BEGIN Materials provided

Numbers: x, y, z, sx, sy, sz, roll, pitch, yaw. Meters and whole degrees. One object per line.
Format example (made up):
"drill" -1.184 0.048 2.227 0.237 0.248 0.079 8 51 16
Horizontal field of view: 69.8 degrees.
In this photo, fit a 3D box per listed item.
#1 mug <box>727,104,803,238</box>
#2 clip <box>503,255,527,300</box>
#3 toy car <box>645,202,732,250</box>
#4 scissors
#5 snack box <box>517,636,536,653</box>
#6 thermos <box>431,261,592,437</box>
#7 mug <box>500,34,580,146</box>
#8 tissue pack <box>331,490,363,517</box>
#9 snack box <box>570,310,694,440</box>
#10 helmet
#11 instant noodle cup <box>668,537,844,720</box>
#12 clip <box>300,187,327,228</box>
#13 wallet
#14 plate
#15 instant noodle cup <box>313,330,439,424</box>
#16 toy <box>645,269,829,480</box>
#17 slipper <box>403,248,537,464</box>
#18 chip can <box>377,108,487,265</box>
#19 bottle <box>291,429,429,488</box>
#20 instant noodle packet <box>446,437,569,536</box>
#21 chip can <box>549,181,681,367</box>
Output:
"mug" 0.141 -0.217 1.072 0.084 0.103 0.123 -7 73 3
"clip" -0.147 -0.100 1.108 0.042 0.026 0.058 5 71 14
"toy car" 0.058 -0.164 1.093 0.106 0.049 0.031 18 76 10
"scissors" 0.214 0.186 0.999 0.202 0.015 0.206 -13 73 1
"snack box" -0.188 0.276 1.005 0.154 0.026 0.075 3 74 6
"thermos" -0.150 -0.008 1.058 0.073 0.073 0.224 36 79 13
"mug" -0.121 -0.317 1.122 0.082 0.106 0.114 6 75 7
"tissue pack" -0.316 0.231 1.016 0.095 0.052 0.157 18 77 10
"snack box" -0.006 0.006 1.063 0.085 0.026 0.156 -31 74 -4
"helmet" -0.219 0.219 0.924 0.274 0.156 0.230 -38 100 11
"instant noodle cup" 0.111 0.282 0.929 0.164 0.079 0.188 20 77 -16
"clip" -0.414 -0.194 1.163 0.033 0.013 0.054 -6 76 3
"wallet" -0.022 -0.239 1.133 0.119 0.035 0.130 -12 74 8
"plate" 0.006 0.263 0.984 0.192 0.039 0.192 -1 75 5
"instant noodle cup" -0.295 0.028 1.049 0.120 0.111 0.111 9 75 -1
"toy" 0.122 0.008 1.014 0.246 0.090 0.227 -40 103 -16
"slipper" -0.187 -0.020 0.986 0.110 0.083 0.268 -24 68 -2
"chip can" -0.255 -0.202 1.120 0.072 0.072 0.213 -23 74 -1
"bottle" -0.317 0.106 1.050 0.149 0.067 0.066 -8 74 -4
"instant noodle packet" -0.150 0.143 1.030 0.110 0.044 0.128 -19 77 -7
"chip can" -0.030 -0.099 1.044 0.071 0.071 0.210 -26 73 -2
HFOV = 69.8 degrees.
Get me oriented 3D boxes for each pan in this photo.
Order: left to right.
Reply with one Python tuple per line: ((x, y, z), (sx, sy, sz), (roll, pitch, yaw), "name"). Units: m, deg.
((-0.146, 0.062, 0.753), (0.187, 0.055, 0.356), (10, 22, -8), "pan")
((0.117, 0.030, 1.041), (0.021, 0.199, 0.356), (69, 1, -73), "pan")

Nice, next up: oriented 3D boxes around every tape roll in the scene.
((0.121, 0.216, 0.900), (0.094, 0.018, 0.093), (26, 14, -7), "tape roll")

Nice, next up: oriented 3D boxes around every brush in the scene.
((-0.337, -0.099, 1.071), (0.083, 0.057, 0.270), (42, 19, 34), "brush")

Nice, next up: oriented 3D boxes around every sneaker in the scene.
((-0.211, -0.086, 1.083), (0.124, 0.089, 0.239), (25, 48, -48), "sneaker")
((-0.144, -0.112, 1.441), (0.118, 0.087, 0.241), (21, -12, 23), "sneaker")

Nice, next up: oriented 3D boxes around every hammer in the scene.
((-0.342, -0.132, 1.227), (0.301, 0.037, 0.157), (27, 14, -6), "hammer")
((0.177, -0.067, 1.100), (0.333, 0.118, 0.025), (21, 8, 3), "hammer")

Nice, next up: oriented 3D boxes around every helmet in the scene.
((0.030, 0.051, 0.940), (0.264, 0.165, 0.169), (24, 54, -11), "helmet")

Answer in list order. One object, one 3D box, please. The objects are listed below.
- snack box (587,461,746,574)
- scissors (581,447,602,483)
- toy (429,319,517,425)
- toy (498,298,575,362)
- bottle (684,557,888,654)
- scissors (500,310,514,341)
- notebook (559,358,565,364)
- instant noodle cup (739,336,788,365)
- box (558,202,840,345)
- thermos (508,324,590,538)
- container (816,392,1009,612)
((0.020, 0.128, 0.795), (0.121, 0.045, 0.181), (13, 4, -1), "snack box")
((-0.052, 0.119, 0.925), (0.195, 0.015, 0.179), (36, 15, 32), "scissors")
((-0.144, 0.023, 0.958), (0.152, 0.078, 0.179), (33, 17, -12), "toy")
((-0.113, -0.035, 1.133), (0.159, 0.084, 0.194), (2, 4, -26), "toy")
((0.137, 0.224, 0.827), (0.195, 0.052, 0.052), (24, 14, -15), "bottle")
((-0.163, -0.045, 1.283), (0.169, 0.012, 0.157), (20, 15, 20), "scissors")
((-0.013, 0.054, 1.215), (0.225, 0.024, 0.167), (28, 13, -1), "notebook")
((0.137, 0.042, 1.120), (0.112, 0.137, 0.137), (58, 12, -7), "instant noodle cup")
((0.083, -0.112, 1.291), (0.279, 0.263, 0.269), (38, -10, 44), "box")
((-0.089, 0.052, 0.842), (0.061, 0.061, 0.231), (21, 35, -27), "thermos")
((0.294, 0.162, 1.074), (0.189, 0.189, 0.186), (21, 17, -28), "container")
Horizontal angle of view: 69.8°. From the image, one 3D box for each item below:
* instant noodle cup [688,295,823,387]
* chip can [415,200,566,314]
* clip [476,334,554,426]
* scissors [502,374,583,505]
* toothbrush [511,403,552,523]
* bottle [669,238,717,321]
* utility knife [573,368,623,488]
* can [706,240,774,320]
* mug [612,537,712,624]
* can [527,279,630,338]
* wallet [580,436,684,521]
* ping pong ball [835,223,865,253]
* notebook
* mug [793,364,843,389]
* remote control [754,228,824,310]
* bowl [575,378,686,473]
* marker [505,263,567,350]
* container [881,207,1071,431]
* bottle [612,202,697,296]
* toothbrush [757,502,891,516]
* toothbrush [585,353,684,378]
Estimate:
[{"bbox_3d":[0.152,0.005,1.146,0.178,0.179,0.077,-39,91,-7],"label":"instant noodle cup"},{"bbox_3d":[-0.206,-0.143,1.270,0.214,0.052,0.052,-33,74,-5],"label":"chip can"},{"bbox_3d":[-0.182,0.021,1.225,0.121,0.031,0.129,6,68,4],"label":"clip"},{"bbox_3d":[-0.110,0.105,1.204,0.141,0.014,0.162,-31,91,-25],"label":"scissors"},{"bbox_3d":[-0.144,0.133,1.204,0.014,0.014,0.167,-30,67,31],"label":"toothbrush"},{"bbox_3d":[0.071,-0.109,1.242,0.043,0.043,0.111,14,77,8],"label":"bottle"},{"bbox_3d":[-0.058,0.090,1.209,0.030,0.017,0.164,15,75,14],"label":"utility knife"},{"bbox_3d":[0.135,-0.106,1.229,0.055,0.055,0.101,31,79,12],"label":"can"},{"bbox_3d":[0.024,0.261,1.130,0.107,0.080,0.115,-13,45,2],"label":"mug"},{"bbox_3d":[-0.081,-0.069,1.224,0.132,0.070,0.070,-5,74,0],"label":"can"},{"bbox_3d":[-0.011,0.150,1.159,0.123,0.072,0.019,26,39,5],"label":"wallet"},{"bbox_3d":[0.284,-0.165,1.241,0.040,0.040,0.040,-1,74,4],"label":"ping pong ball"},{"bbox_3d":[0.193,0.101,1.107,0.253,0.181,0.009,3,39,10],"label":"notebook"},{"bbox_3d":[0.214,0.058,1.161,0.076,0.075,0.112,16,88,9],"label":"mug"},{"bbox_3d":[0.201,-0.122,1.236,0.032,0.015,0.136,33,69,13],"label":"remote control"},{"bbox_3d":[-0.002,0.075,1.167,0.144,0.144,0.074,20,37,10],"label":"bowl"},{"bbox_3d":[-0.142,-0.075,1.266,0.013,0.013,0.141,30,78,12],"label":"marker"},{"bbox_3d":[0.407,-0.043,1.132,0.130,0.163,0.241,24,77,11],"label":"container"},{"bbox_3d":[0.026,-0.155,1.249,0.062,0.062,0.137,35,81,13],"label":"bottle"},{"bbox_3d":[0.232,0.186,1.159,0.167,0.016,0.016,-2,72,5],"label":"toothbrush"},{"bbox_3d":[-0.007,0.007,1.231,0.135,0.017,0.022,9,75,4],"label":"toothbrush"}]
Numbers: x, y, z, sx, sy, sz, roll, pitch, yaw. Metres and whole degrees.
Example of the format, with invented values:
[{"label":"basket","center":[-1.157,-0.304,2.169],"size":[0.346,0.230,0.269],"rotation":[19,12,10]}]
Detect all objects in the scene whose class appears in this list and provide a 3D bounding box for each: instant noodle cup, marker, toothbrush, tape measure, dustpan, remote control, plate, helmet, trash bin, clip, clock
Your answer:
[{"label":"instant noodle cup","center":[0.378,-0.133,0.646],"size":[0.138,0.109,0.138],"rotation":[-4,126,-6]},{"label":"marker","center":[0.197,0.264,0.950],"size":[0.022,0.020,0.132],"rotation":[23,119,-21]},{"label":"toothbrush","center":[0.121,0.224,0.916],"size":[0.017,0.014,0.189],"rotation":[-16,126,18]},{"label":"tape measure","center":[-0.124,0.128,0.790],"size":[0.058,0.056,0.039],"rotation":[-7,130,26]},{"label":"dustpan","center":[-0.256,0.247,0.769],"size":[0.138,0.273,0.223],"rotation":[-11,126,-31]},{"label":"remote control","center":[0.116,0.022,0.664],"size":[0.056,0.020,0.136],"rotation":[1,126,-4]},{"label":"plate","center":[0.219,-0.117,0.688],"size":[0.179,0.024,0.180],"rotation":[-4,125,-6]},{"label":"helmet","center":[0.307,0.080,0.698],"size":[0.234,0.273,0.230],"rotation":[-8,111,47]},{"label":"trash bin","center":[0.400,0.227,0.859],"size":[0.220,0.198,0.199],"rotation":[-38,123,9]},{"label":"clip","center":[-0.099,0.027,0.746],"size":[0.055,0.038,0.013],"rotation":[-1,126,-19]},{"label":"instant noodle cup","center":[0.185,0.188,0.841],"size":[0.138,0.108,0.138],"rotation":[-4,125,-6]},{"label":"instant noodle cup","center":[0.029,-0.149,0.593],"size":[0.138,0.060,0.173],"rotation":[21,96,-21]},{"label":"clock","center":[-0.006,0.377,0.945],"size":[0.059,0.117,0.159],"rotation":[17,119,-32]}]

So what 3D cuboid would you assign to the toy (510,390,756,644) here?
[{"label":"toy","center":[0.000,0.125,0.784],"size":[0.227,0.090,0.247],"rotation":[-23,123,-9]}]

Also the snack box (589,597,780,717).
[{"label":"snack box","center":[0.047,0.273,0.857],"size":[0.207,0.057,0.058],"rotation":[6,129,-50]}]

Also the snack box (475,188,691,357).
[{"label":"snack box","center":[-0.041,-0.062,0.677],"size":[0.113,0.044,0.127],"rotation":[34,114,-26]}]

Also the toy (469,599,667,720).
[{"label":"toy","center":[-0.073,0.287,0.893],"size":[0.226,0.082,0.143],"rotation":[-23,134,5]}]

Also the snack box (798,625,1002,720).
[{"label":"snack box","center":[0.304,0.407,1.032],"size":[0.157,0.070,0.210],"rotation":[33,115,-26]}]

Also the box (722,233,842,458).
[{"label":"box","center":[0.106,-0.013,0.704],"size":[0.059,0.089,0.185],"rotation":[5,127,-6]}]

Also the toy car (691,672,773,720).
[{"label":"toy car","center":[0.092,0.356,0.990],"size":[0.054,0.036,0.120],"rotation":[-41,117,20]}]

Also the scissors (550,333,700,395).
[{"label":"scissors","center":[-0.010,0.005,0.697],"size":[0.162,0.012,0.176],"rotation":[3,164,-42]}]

END Materials provided

**Aim of the exercise:**
List every line in the records above that contains the word "item".

**Task output:**
In this photo, fit a 3D box per listed item.
Horizontal angle of view: 69.8°. From the image, one 3D box for each item below:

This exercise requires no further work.